# Question RE: Military medics



## TransportJockey (Feb 10, 2009)

Well, after I finish my NREMT-P course and get licensed I am planning on enlisting in the military as a medic... I was wondering if anyone has any pros/cons for USN, USA, or USAF in terms of their programs? I would like to serve as a combat medic or similar... Only problem I can see is I have a few pins in my ankle, but was told depending on the service I could probably get a waiver. I have gotten a little out of shape during medic school but am working to rectify that now. 

Any tips or hints would be appreciated


----------



## Ryanpfd (Feb 10, 2009)

Im not sure if having pins in your ancle will let you in the army, check with your recruiter the corpsman is a more medic based job, yourll be working with a marine unit most likely. the airforce is a great oppertunity that the way Im heading assuming they give me the job. they dont do as much combat, not saying you wont go into combat but they have PJ's for that. the Corpsman is a minuim 5 year active right now that is why Im not doing that the airforce is only 4. Make use your in shape before you go or get DEP(delayed entry program) to get into shape, you would hate to go into basic and not be able to keep up that will make your life a hell. And being a civilian paramedic will not give you a upper hand over anyone, Im a cert. firefighter and the airforce doenst really care. I hope I helped. Just message me if you have anymore questions.


----------



## TransportJockey (Feb 10, 2009)

I do know that being a civilian medic won't really help, but I'm at the half way point in my program (After summer semester I'll be licensed), so it doesn't make sense to quit now....


----------



## Ryanpfd (Feb 10, 2009)

jtpaintball70 said:


> I do know that being a civilian medic won't really help, but I'm at the half way point in my program (After summer semester I'll be licensed), so it doesn't make sense to quit now....



No it doesnt, exspecially because paramedic programs are becoming one in a million, two just closed here in New England specificaly Mass. Good luck with both your civialin and Military career. Im entering the Military soon, If you have any questions I may be able to help.


----------



## BLSBoy (Feb 10, 2009)

NREMT B/I/P will allow you to enlist at a higher pay grade.


----------



## sarahharter (Feb 10, 2009)

i went in as an emt and i didnt get a higher pay grade i came in the usaf as an E-1 which is as low as you can get and theses many years later i am an E-3. the only thing that really ups your pay grade would be college credits. i am in the usaf guard and was in the reserves i had to change over do to my base closure. i am a med-tech which is a 4nox1 or aerospace medical service technition.  we have nurses, emt-b, and medics. but anywho if you have any questions let me now and hopefully with my experience in the usaf and the medical career field can help you.


----------



## mycrofft (Feb 10, 2009)

*I was a USAF "Fire Protection Specialist" and took EMT-A in '77-78*

It excused me for the second half of their rescue school.
Anything to prepare you for what you will do later is good prep. Also, used to be a lot of USAF folks, especially firefighters (24 on, 24 off) were moonlighting as civilian EMT's on their off time.
USAF treats their people the best.


----------



## Ryanpfd (Feb 10, 2009)

BLSBoy said:


> NREMT B/I/P will allow you to enlist at a higher pay grade.

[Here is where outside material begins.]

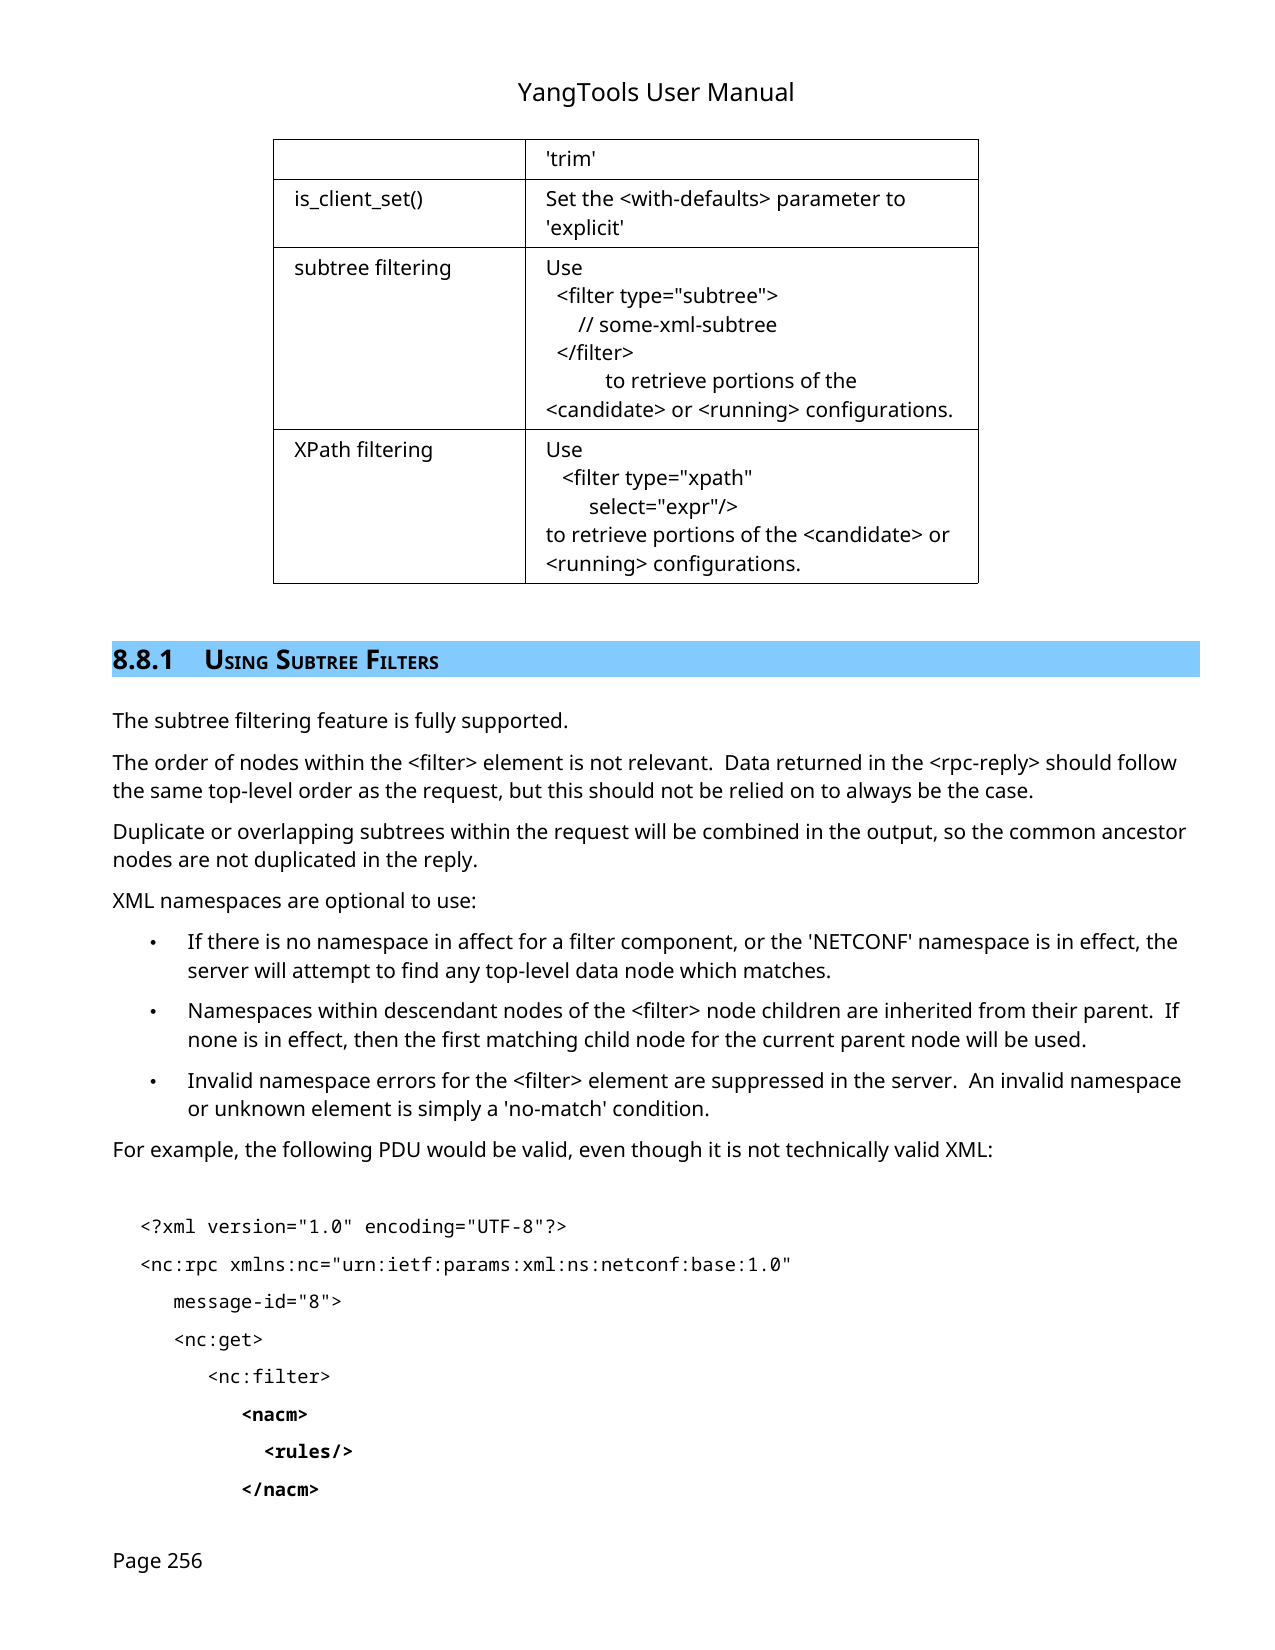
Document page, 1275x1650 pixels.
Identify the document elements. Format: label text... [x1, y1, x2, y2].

sarah is right, Not unless you have 18(or maybe 20?) college credits. I talked to the recruiter yesterday like I said they do not really care that much about civilian certs. Not like it would do me any good Ill be entering as a E-2 anyone YAY for Eagle scouts!! lmaoB)


----------



## TransportJockey (Feb 10, 2009)

Ryanpfd said:


> sarah is right, Not unless you have 18(or maybe 20?) college credits. I talked to the recruiter yesterday like I said they do not really care that much about civilian certs. Not like it would do me any good Ill be entering as a E-2 anyone YAY for Eagle scouts!! lmaoB)

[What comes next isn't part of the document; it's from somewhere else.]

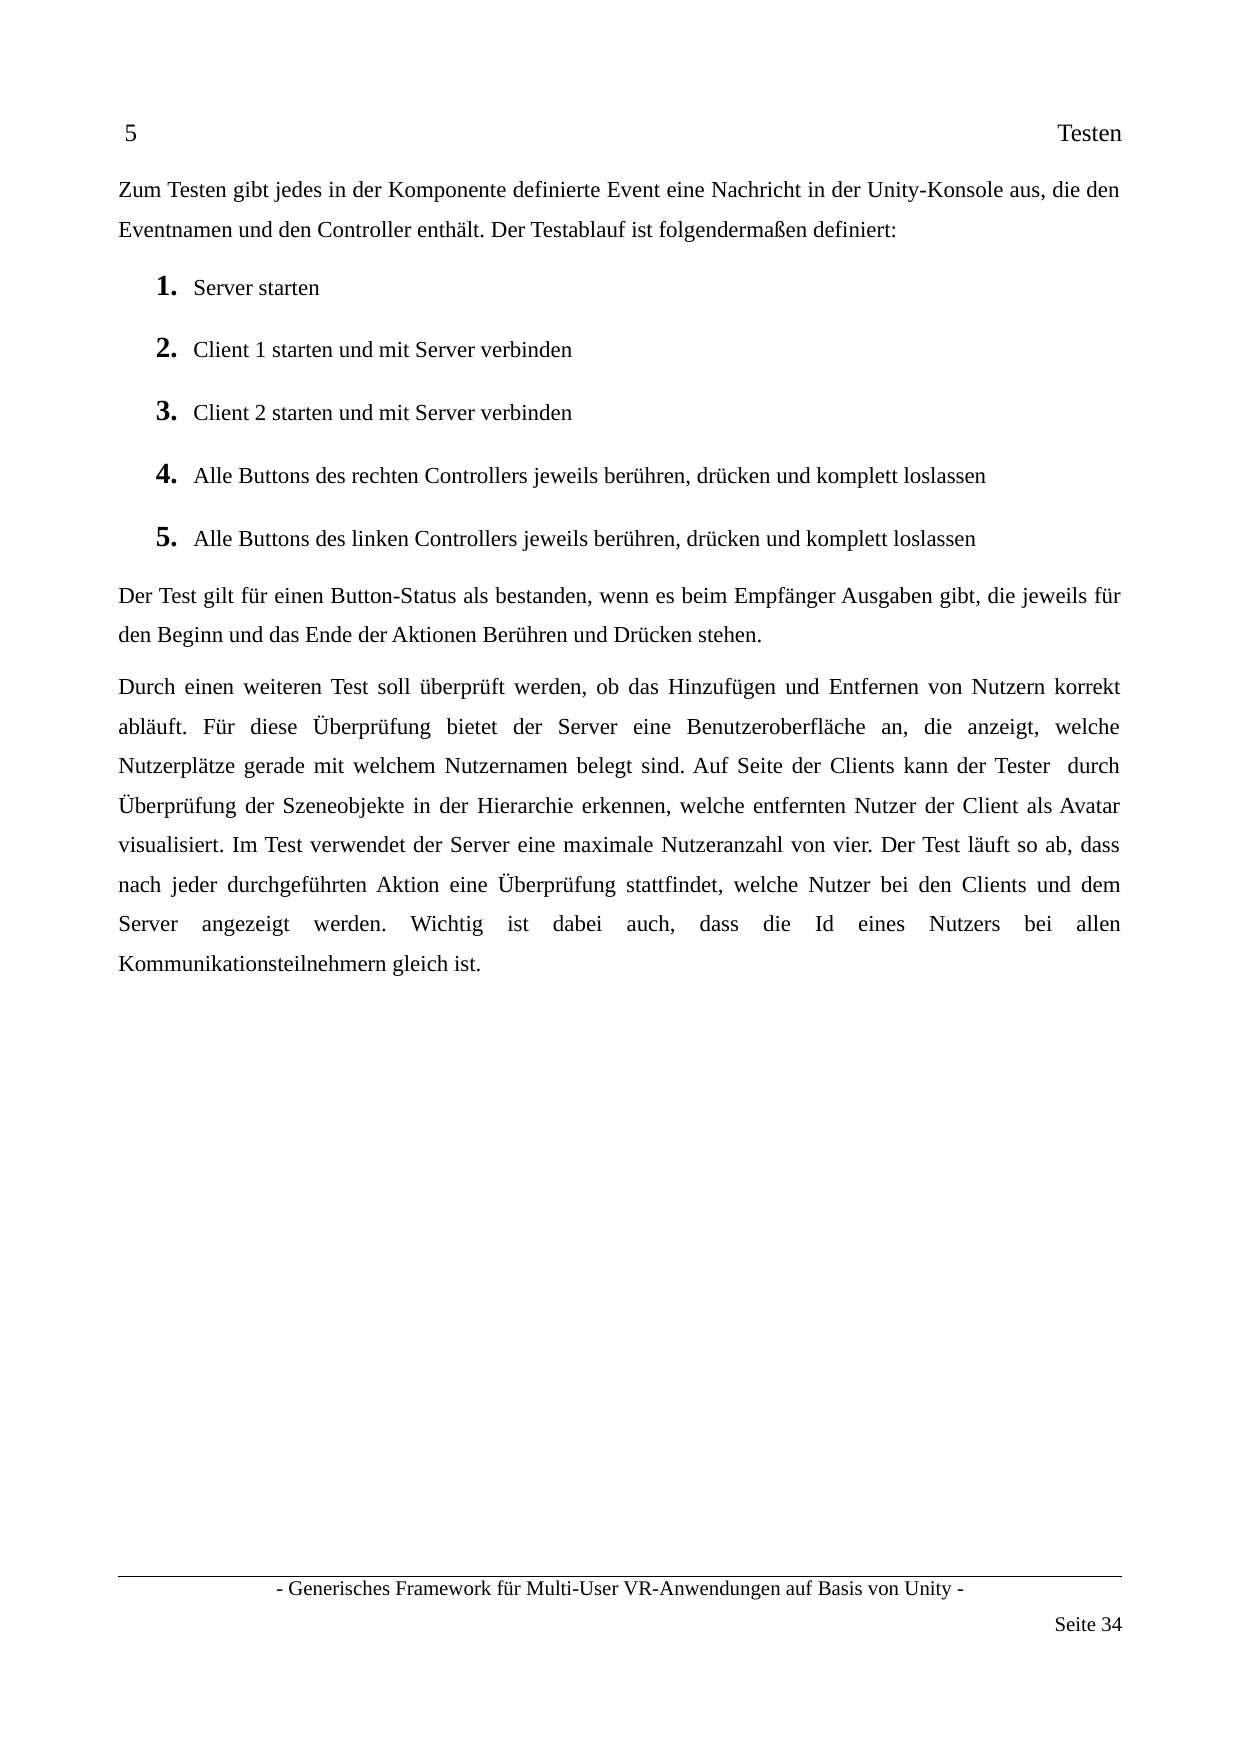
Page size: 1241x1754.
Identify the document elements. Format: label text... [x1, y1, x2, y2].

After my medic program is over I'll have an AAS, so that might help just a bit


----------



## ffemt8978 (Feb 10, 2009)

Hmmm...I enlisted as an E-3...made E-4 12 weeks after boot camp.

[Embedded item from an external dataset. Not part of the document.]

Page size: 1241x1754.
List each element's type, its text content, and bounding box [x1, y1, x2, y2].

It depends upon what program you're entering as to what your starting rank will be.


----------



## BLSBoy (Feb 10, 2009)

Look at the CAS (Civilian Aquired Skills) program. 

If I don't get it in writing, I don't believe it. 

I done got it in writing.


----------



## maddox (Feb 11, 2009)

*Medics in the military...*

Double post sorry...


----------



## maddox (Feb 11, 2009)

*Medics in the military...*

jtpaintball70,

Here are a few tidbits to help you out...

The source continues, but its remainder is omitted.